Have been to both with my kids and we were happy at both for the little time we were actually at the resorts. We spent most of the time @ the parks.

OL does have a zero entry pool which the little ones would like a lot  and could give them some independence. Remember some fountain type spray things which are good for little ones as well.
Vistana has some great pools and my kids loved pool hopping but they were a couple of yrs older when we went the first time and could already swim.


----------



## elaine (Dec 16, 2010)

*we stayed at both with 3 yr old twins*

have have stayed at both 2X with twins in the 2-4 age range each time. It is a toss up.  For that age, I slightly prefer Vistana, b/c the pool area are easier to get to and you can always walk to at least 1-2 pools from just about any unit and don't have to get in the car with wet kids.  At OLCC, some units really require the car, and parking is tight at River Island.
Either resort is very good for kids and both have a variety of activities.  Vistana has a lot of pocket tot lots--pirate ship, sand lot, climber, etc. that kept my twins very busy----boring for a 10 yr old, but perfect for a 3 yr old. No lazy river at Vistana, but plenty of fun pools and slides.


----------



## momtotwins (Dec 17, 2010)

thanks all, i decided on and booked vistana. 2 bedroom 8/6 

too bad its not until 2012


----------



## spiceycat (Dec 18, 2010)

think you will be happy with Sheraton Vistana - it would have been my choice.

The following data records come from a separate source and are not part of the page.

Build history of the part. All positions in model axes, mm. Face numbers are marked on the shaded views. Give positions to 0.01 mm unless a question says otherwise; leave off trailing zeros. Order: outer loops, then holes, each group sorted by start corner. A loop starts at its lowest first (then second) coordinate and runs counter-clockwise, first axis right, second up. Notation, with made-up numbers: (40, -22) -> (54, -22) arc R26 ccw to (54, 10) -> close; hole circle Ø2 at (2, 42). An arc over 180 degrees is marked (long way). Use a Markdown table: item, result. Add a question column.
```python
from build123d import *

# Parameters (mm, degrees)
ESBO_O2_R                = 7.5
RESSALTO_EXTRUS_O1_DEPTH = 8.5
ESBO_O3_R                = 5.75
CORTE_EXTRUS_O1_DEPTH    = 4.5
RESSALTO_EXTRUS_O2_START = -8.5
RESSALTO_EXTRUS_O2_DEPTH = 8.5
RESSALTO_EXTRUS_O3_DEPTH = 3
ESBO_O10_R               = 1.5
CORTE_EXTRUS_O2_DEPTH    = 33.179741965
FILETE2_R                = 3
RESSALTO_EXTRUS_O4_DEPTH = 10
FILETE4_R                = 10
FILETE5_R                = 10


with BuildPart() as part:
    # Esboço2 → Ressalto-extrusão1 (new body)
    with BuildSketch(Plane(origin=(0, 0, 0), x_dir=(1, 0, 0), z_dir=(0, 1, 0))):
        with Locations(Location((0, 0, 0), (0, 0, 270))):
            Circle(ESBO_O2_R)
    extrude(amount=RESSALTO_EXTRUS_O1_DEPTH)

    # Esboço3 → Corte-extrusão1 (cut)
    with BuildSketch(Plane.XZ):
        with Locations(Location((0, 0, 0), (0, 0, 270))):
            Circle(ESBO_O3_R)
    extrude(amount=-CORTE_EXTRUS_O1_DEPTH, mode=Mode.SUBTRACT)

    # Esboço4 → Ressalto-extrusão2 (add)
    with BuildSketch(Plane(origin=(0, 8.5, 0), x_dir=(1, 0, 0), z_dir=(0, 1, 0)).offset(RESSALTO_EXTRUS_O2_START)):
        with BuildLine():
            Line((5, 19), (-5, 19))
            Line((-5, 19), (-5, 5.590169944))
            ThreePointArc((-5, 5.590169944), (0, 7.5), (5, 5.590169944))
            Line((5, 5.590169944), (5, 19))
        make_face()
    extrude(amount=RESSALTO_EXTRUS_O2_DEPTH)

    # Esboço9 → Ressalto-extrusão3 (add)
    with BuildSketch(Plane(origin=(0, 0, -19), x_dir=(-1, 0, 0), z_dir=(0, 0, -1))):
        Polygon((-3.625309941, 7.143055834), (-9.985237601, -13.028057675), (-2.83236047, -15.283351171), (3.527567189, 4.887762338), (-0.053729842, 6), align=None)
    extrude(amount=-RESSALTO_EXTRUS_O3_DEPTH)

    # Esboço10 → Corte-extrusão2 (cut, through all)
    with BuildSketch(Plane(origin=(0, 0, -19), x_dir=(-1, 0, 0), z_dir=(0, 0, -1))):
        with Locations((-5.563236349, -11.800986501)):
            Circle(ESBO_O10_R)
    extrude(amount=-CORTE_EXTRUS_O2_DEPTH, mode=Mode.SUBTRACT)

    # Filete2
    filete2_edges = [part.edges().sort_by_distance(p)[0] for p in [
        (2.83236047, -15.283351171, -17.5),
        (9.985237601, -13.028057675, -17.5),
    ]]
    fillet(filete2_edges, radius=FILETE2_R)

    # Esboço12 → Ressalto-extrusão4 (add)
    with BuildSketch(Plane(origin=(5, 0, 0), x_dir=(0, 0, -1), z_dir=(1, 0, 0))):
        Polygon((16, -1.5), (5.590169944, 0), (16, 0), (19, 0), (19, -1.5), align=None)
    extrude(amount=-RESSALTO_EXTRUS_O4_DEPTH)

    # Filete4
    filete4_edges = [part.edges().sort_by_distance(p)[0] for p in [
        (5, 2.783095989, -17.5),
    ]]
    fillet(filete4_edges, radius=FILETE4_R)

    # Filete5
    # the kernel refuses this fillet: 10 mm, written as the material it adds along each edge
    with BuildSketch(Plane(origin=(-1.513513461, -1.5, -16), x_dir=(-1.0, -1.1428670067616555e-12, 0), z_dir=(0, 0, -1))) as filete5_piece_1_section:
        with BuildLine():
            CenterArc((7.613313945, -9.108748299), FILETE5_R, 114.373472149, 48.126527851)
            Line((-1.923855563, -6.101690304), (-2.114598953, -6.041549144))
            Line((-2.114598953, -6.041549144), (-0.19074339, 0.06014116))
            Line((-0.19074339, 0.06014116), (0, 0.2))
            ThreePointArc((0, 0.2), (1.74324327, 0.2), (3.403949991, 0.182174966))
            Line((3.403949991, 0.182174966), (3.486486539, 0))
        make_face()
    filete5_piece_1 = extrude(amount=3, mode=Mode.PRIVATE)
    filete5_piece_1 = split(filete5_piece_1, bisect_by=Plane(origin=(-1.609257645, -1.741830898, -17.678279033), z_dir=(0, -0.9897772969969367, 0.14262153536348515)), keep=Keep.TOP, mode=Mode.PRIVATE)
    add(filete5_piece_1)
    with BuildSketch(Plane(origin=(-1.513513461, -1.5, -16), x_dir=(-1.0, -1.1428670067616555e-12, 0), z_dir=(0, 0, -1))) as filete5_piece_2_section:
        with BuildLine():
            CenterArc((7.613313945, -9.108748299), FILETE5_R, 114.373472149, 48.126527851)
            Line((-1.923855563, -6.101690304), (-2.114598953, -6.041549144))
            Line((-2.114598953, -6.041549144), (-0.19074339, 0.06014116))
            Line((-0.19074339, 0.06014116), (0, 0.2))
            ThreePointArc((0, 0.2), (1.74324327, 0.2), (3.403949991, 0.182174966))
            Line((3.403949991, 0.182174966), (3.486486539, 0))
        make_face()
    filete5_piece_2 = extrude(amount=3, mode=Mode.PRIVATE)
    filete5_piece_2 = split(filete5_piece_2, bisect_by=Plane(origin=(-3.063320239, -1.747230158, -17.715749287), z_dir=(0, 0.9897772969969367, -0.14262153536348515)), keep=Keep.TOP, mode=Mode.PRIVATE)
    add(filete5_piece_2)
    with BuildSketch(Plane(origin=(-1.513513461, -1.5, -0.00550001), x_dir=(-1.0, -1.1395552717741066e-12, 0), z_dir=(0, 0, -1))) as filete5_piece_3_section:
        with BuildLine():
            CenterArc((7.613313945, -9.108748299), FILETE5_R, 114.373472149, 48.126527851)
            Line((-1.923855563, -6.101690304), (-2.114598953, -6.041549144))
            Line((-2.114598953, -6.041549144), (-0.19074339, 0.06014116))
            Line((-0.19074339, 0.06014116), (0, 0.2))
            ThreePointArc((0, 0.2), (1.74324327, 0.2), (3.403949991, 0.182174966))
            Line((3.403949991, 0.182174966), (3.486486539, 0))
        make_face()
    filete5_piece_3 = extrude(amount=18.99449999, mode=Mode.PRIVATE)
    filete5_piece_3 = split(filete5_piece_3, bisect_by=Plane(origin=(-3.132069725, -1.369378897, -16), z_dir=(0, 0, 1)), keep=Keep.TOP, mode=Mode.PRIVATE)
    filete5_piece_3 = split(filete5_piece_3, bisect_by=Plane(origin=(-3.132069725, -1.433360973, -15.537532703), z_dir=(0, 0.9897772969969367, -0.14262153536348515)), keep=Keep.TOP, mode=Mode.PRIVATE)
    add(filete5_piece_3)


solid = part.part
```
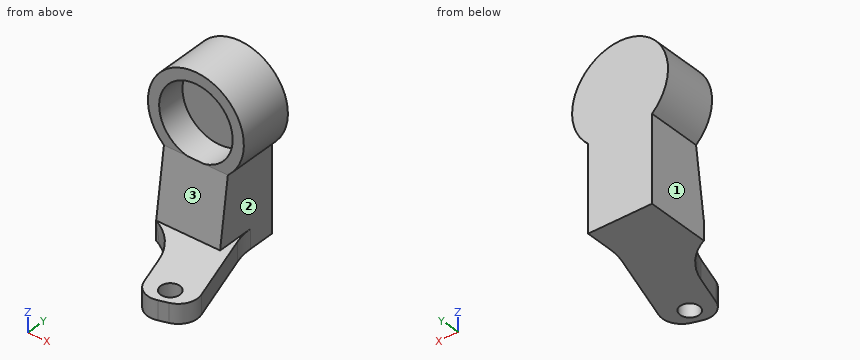
(1) Band-saw the part on A-A on z = 0. Give the cut face in (x, y).
(2) Mould opens along Z. For the marked faces 1, 2 and 3 say: released by +Z, released by -Z, zero draft, split by the parting line, or undercut.
(3) Wall check: probe 1 along X at (y, z) = (2.3, 0); probe 2 along Z at (x, y) = (5.25, 0.75); probe 3 along Y at (x, z) = (5.75, 3.75). Give the ranges that are in metal, low to high.
(4) Band-saw the part on C-C on x = -2.75. Give the cut face in (y, z), plus the area to 3 significant figures.
(5) Pin check, flat tips, straight feed: pin 1 Ø5 at (y, z) = (3, -9) entering from -X; pin 2 Ø4 at (x, z) = (2, -1) entering from -Y; pin 3 Ø6 at (x, y) = (-4.5, 3) entering from +Z; pin 4 Ø4 at (x, y) = (5.5, 3) entering from -Z. Stop position of each tip, or through.
(6) Band-saw the part on D-D on y = 5.25. Give the cut face in (x, z).
(7) Band-saw the part on B-B on y = 2. Give the cut face in (x, z).
Response:
| question | item | result |
|---|---|---|
| 1 | outline | (-7.5, 0) -> (-5.75, 0) -> (-5.75, 4.5) -> (5.75, 4.5) -> (5.75, 0) -> (7.5, 0) -> (7.5, 8.5) -> (-7.5, 8.5) -> close |
| 2 | face 1 | zero draft |
| 2 | face 2 | undercut |
| 2 | face 3 | released by +Z |
| 3 | probe 1 | x = -7.5 to -5.75, 5.75 to 7.5 |
| 3 | probe 2 | z = -19 to -16, -5.36 to -2.35, 2.35 to 5.36 |
| 3 | probe 3 | y = 0 to 8.5 |
| 4 | outline | (-2.91, -19) -> (8.5, -19) -> (8.5, 6.98) -> (0, 6.98) -> (0, 5.05) -> (4.5, 5.05) -> (4.5, -5.05) -> (0, -5.05) -> (0, -5.59) -> (-1.5, -16) -> (-2.91, -16) -> close |
| 4 | area | 192 mm² |
| 5 | pin 1 | stops at x = -5 |
| 5 | pin 2 | stops at y = 4.5 |
| 5 | pin 3 | stops at z = 7.35 |
| 5 | pin 4 | stops at z = -19 |
| 6 | outline | (-5, -19) -> (5, -19) -> (5, -5.59) arc R7.5 ccw (long way) to (-5, -5.59) -> close |
| 7 | outline | (-5, -19) -> (5.27, -19) -> (5.27, -16) -> (5, -16) -> (5, -5.59) arc R7.5 ccw (long way) to (-5, -5.59) -> close; hole circle Ø11.5 at (0, 0) |

really liked it better than Grand Beach. You could walk to some restuarants, drug store, and a few other places.

Disney was easier to get too - you turn right - then right again on 536. don't really need I4.


----------



## rickandcindy23 (Dec 18, 2010)

I would insist on a refurbed unit, but maybe by 2012 all areas of the resort will be updated. 

Grand Beach was great, we just stayed there in October, so if Vistana is now better than Grand Beach, perhaps I should look at exchanges there instead for 2012.  All of our trips are planned now for 2011, and I have oodles and gobs of TPU's left, with almost nothing deposited yet for next year.


----------



## mercman61 (Jan 1, 2011)

We have owned at Vistana for over 22 years and have seen it improve continously.  We stayed last spring at OL and it was nice, good grounds, most units recently renovated but they nickel and dime you for every little thing and you either have to drive around or take the shuttle bus  form one part of the resor tot he other as it is HUGE.   We stayed in thwest section and my brother and friends stayed  in the Waterpark section.  it took almost 15 minutes to get there by car or shuttle.  the lazy river is nice but you have to rent the tubes and you cannot use your own.  the area around lazy river gets very crowded.  Vistana is much nicer and more options for pools if one  or tow are crowded.  Go to Vistana it is much closer to Diseny and all the parks except Animal Kingdom.  There are also lots of resturants outside of Vistana unlike OL.  You will be much happier there and wll do a lot less driving around.


----------